* **GOAL OF THE EXERCISE**
All lines from the one that contains "Numbers: x, y, z, sx, sy, sz, roll, pitch, yaw." through the close of the entries below are to be repeated exactly, without any pictures.

* **RECORDS TO PROCESS**
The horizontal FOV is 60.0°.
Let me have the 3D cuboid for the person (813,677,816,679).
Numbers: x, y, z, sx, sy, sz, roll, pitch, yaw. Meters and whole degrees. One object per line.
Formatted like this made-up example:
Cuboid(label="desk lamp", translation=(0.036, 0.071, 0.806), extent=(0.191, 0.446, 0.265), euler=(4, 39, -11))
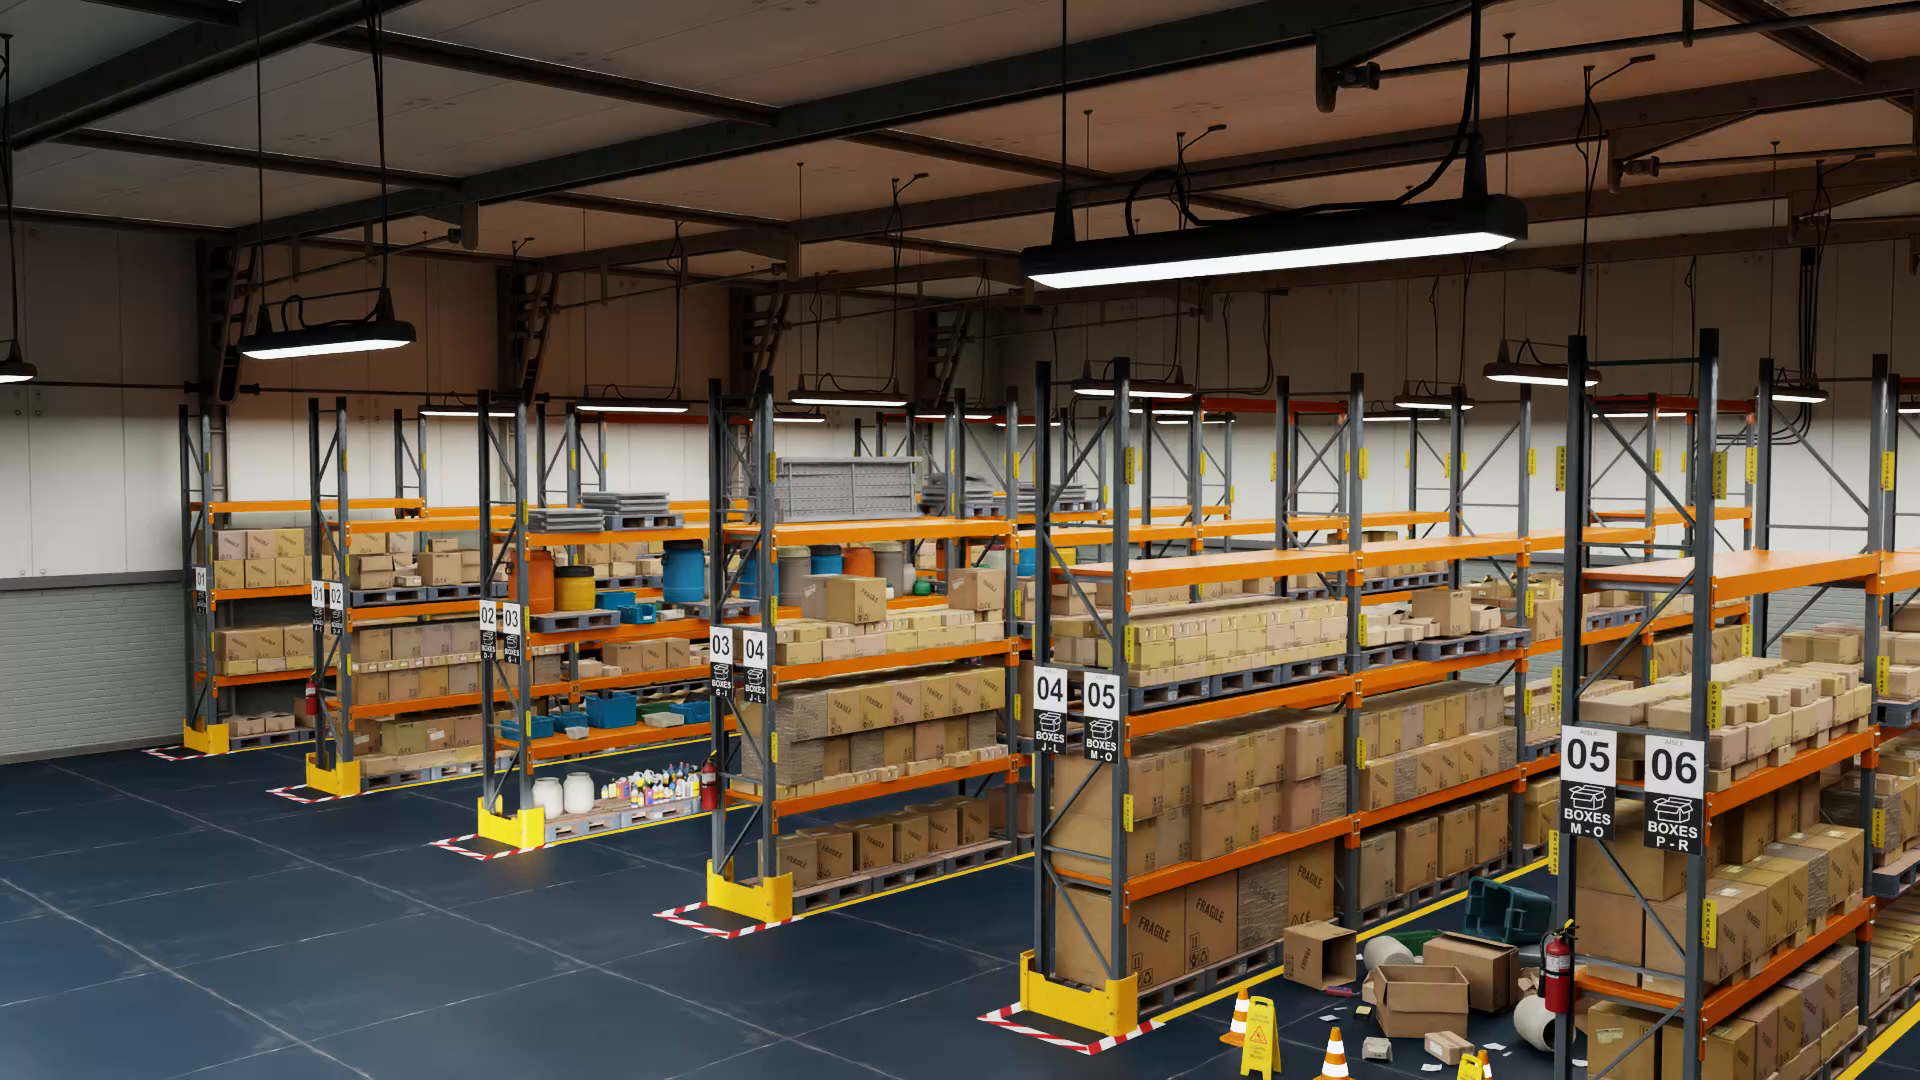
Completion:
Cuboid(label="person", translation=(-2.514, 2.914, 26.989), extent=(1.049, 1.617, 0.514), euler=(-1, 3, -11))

* **EXERCISE SOLUTION**
Numbers: x, y, z, sx, sy, sz, roll, pitch, yaw. Meters and whole degrees. One object per line.
Formatted like this made-up example:
Cuboid(label="desk lamp", translation=(0.036, 0.071, 0.806), extent=(0.191, 0.446, 0.265), euler=(4, 39, -11))
Completion:
Cuboid(label="person", translation=(-2.514, 2.914, 26.989), extent=(1.049, 1.617, 0.514), euler=(-1, 3, -11))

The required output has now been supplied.